More and more teachers tend to include interdisciplinary skills as learning objectives in their courses. Students, in order to prepare for future working life, need these types of skills to solve problems that cannot be tackled by a single discipline. We have developed a new rubric to help assess these skills.
Assessing interdisciplinary skills can be difficult
Interdisciplinary skills can be practiced by a wide range of learning activities, like writing a paper but also role playing. Assessing the interdisciplinary skills in these various learning activities can be difficult. That is why a rubric has been developed for assessing interdisciplinary skills regardless of the ‘product’ of the learning activity.
Seven categories
The rubric contains seven categories that are considered important for interdisciplinary learning.
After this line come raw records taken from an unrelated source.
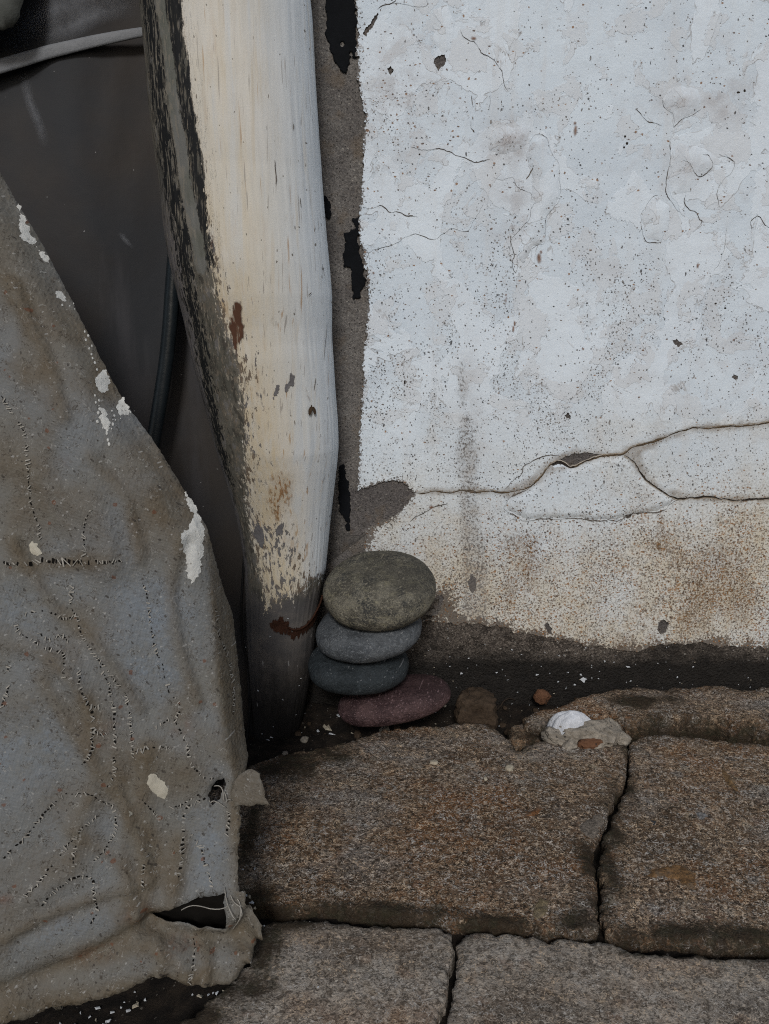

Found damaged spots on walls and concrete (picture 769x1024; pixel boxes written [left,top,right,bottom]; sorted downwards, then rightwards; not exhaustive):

crack [364,205,480,255]
crack [506,134,561,273]
crack [637,100,768,270]
peeling [311,0,414,565]
crack [411,420,769,521]
corrosion [270,594,323,641]
peeling [314,587,329,650]

The first three are typical learning goals in interdisciplinary learning, while the last four are more general academic skills that are very important when working in interdisciplinary settings.
- Disciplinary grounding
- Perspective taking
- Common ground & Integration
- Critical Reflection
- Collaboration
- Communication
- Adaptability and creativity
If you want to create your own rubric for interdisciplinary skills, you can choose the relevant categories depending on the chosen learning activity and determine the weight of the used categories. A rubric constructed in this way, might be shared with students and used for summative and formative assessments.